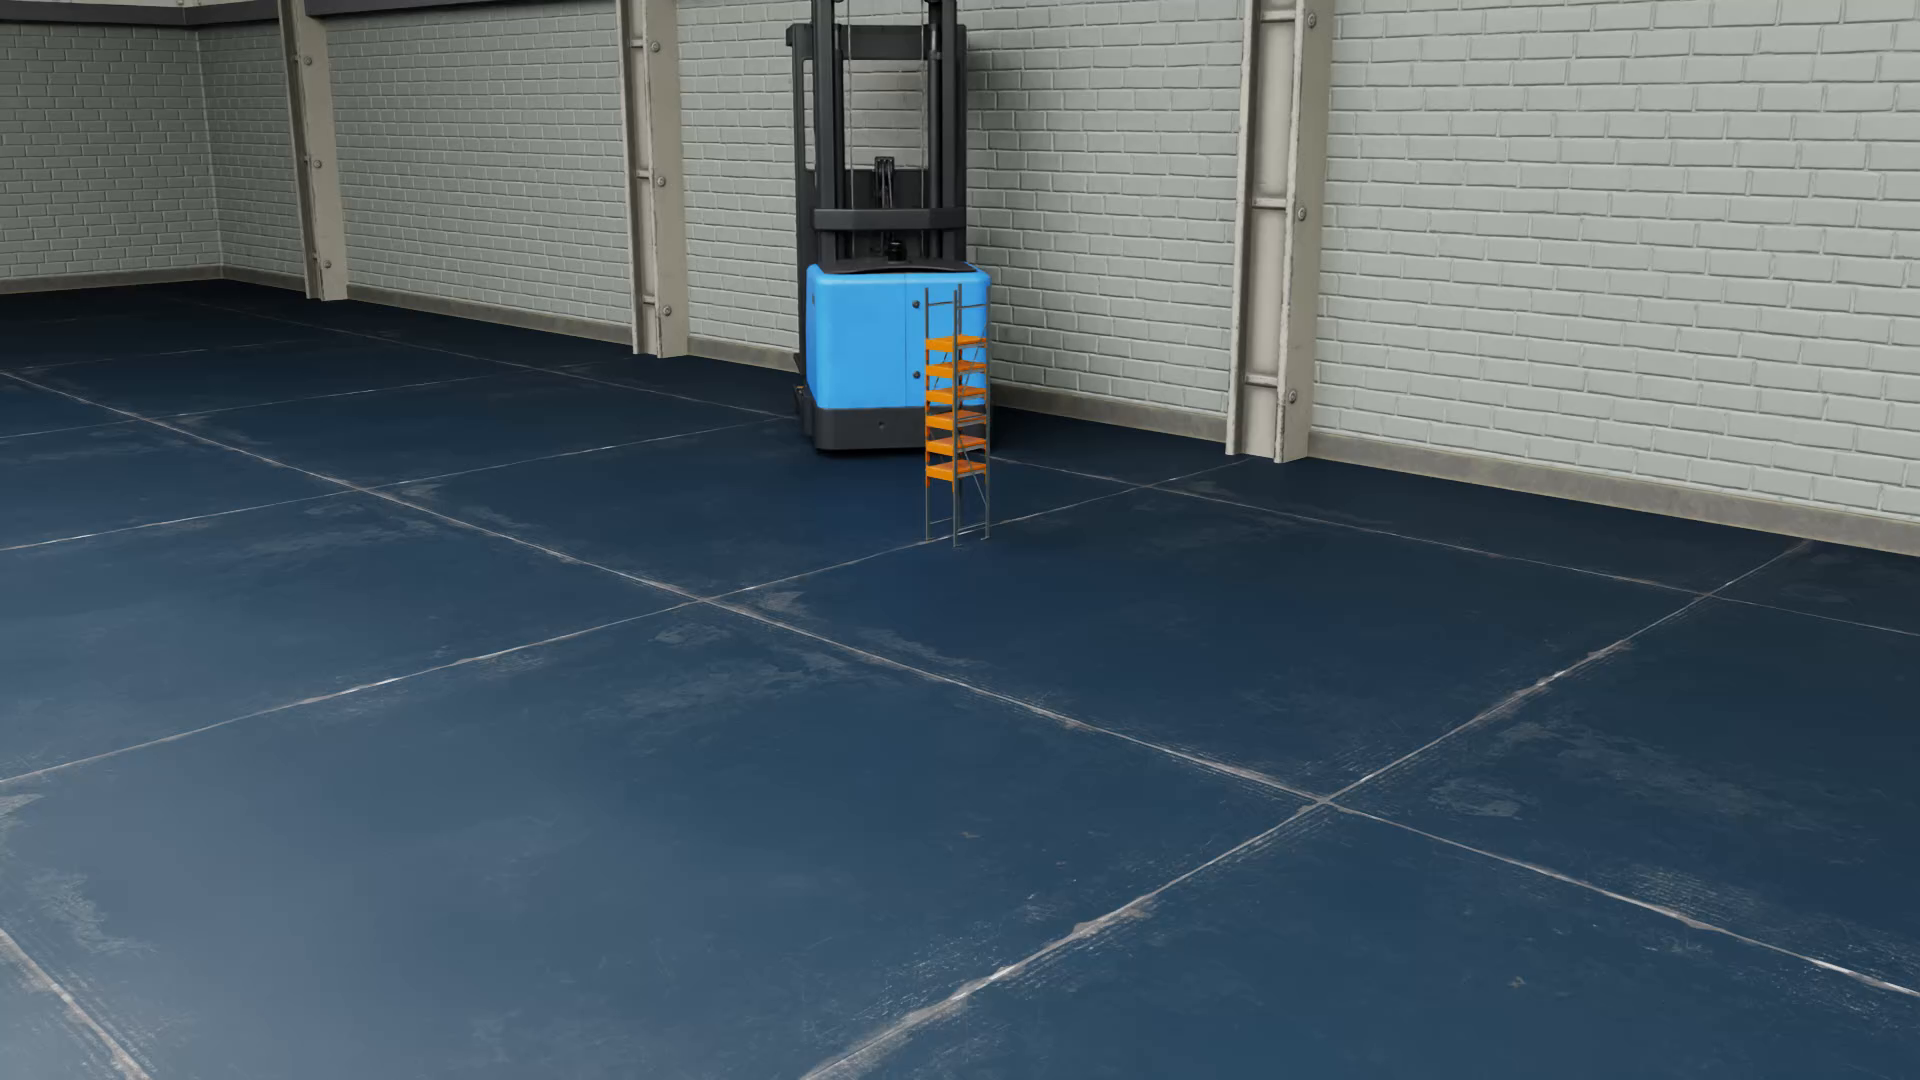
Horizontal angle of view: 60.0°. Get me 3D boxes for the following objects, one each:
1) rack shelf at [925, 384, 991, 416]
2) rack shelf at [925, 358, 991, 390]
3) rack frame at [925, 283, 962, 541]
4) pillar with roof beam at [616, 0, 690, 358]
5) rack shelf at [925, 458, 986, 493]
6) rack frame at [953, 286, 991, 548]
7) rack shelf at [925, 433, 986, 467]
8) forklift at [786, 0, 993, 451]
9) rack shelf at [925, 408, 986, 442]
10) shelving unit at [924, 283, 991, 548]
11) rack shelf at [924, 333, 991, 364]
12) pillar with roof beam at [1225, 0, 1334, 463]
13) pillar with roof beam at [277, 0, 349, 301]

- - - - -

Search the listing above for the string "pillar" and return each line it appears on.

Exercise answer —
4) pillar with roof beam at [616, 0, 690, 358]
12) pillar with roof beam at [1225, 0, 1334, 463]
13) pillar with roof beam at [277, 0, 349, 301]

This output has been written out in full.